Exercise aim: Write out every entry exactly as it appears, omitting the pictures.

Source material:
* * * * * * *
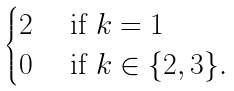Convert formula to latex. <formula><loc_0><loc_0><loc_500><loc_500>\begin{cases} 2 & \text { if } k = 1 \\ 0 & \text { if } k \in \{ 2 , 3 \} . \end{cases}</formula> 
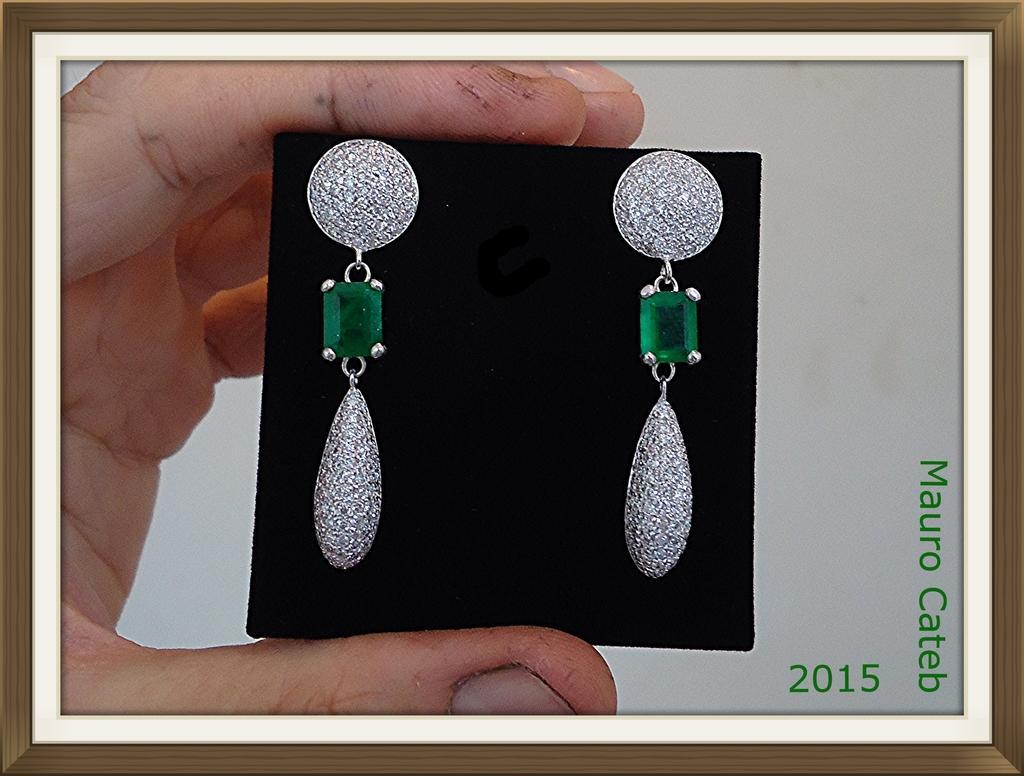Describe this image in one or two sentences. In this picture we can see hand of a person holding earrings. 
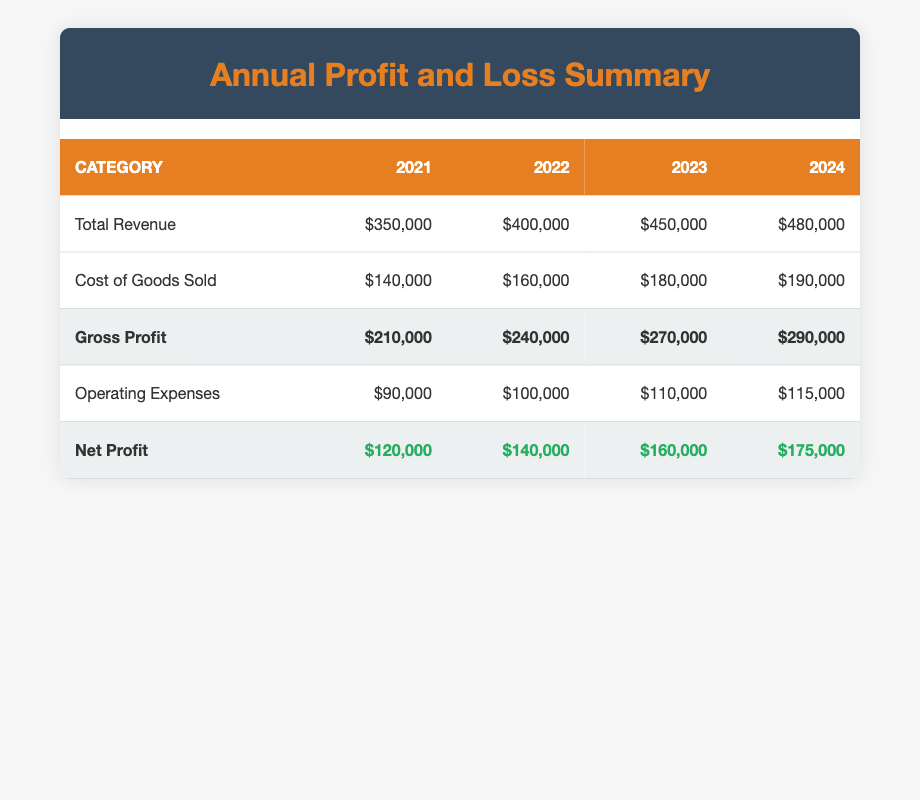What was the total revenue in 2023? The table shows that the total revenue in the year 2023 is listed under the "Total Revenue" row and the "2023" column, which is $450,000.
Answer: $450,000 What is the net profit for 2024? According to the table, the net profit for the year 2024 is indicated in the "Net Profit" row and the "2024" column, which is $175,000.
Answer: $175,000 Is the gross profit for 2022 greater than the cost of goods sold for 2021? To verify this, we check the gross profit for 2022 from the "Gross Profit" row (which is $240,000) and the cost of goods sold for 2021 from the "Cost of Goods Sold" row (which is $140,000). Since $240,000 is greater than $140,000, the answer is yes.
Answer: Yes What was the increase in net profit from 2022 to 2023? We find the net profit for 2022 ($140,000) and for 2023 ($160,000). The increase is calculated by subtracting the two values: $160,000 - $140,000 = $20,000.
Answer: $20,000 Was the total revenue in 2024 less than in 2023? We need to compare the total revenues for both years. The total revenue for 2023 is $450,000, and for 2024 it is $480,000. Since $480,000 is greater than $450,000, the answer is no.
Answer: No What is the average gross profit from 2021 to 2024? To find the average gross profit, we need to sum the gross profits for each year: $210,000 + $240,000 + $270,000 + $290,000 = $1,010,000. Then, we divide this total by the number of years (4): $1,010,000 / 4 = $252,500.
Answer: $252,500 In which year did the operating expenses reach $100,000 or more? Checking the operating expenses for each year, we find that they are $90,000 in 2021, $100,000 in 2022, $110,000 in 2023, and $115,000 in 2024. Therefore, operating expenses were at least $100,000 starting in 2022.
Answer: 2022 What was the total increase in gross profit from 2021 to 2024? We first find the gross profits for the two years: for 2021 it is $210,000 and for 2024 it is $290,000. Next, we calculate the increase by subtracting: $290,000 - $210,000 = $80,000.
Answer: $80,000 
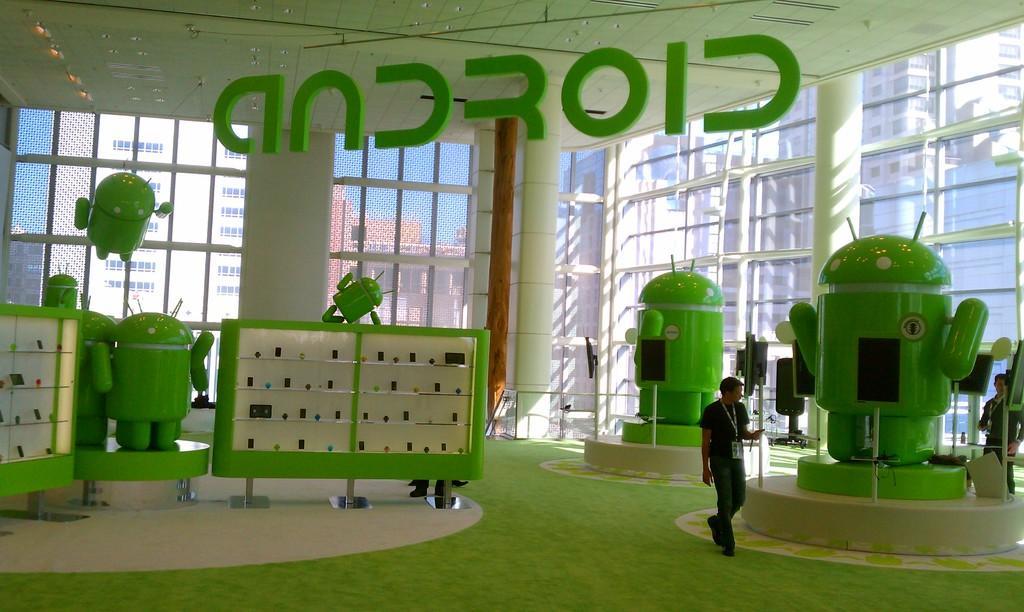How would you summarize this image in a sentence or two? In this picture we can see the room. In that room we can see a man who is standing near to the android shaped box. On the left we can see the racks. In the background we can see the buildings. Through the window we can see the sky. 
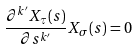<formula> <loc_0><loc_0><loc_500><loc_500>\frac { \partial ^ { k ^ { \prime } } X _ { \tau } ( s ) } { \partial s ^ { k ^ { \prime } } } X _ { \sigma } ( s ) = 0</formula> 
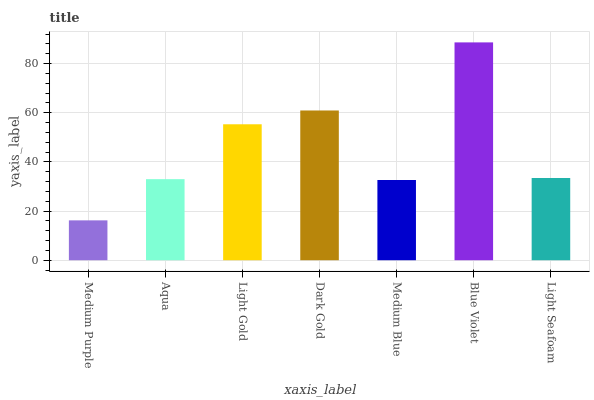Is Medium Purple the minimum?
Answer yes or no. Yes. Is Blue Violet the maximum?
Answer yes or no. Yes. Is Aqua the minimum?
Answer yes or no. No. Is Aqua the maximum?
Answer yes or no. No. Is Aqua greater than Medium Purple?
Answer yes or no. Yes. Is Medium Purple less than Aqua?
Answer yes or no. Yes. Is Medium Purple greater than Aqua?
Answer yes or no. No. Is Aqua less than Medium Purple?
Answer yes or no. No. Is Light Seafoam the high median?
Answer yes or no. Yes. Is Light Seafoam the low median?
Answer yes or no. Yes. Is Dark Gold the high median?
Answer yes or no. No. Is Light Gold the low median?
Answer yes or no. No. 
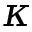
* * * * * * *
Your solution:
Convert formula to latex. <formula><loc_0><loc_0><loc_500><loc_500>\begin{cases} 2 & \text { if } k = 1 \\ 0 & \text { if } k \in \{ 2 , 3 \} . \end{cases}</formula> 
Describe this image in one or two sentences. In this picture we can see hand of a person holding earrings. 
What was the total revenue in 2023? The table shows that the total revenue in the year 2023 is listed under the "Total Revenue" row and the "2023" column, which is $450,000.
Answer: $450,000 What is the net profit for 2024? According to the table, the net profit for the year 2024 is indicated in the "Net Profit" row and the "2024" column, which is $175,000.
Answer: $175,000 Is the gross profit for 2022 greater than the cost of goods sold for 2021? To verify this, we check the gross profit for 2022 from the "Gross Profit" row (which is $240,000) and the cost of goods sold for 2021 from the "Cost of Goods Sold" row (which is $140,000). Since $240,000 is greater than $140,000, the answer is yes.
Answer: Yes What was the increase in net profit from 2022 to 2023? We find the net profit for 2022 ($140,000) and for 2023 ($160,000). The increase is calculated by subtracting the two values: $160,000 - $140,000 = $20,000.
Answer: $20,000 Was the total revenue in 2024 less than in 2023? We need to compare the total revenues for both years. The total revenue for 2023 is $450,000, and for 2024 it is $480,000. Since $480,000 is greater than $450,000, the answer is no.
Answer: No What is the average gross profit from 2021 to 2024? To find the average gross profit, we need to sum the gross profits for each year: $210,000 + $240,000 + $270,000 + $290,000 = $1,010,000. Then, we divide this total by the number of years (4): $1,010,000 / 4 = $252,500.
Answer: $252,500 In which year did the operating expenses reach $100,000 or more? Checking the operating expenses for each year, we find that they are $90,000 in 2021, $100,000 in 2022, $110,000 in 2023, and $115,000 in 2024. Therefore, operating expenses were at least $100,000 starting in 2022.
Answer: 2022 What was the total increase in gross profit from 2021 to 2024? We first find the gross profits for the two years: for 2021 it is $210,000 and for 2024 it is $290,000. Next, we calculate the increase by subtracting: $290,000 - $210,000 = $80,000.
Answer: $80,000 
How would you summarize this image in a sentence or two? In this picture we can see the room. In that room we can see a man who is standing near to the android shaped box. On the left we can see the racks. In the background we can see the buildings. Through the window we can see the sky. 
<formula> <loc_0><loc_0><loc_500><loc_500>\frac { \partial ^ { k ^ { \prime } } X _ { \tau } ( s ) } { \partial s ^ { k ^ { \prime } } } X _ { \sigma } ( s ) = 0</formula> 
Is Medium Purple the minimum?
Answer yes or no. Yes. Is Blue Violet the maximum?
Answer yes or no. Yes. Is Aqua the minimum?
Answer yes or no. No. Is Aqua the maximum?
Answer yes or no. No. Is Aqua greater than Medium Purple?
Answer yes or no. Yes. Is Medium Purple less than Aqua?
Answer yes or no. Yes. Is Medium Purple greater than Aqua?
Answer yes or no. No. Is Aqua less than Medium Purple?
Answer yes or no. No. Is Light Seafoam the high median?
Answer yes or no. Yes. Is Light Seafoam the low median?
Answer yes or no. Yes. Is Dark Gold the high median?
Answer yes or no. No. Is Light Gold the low median?
Answer yes or no. No. 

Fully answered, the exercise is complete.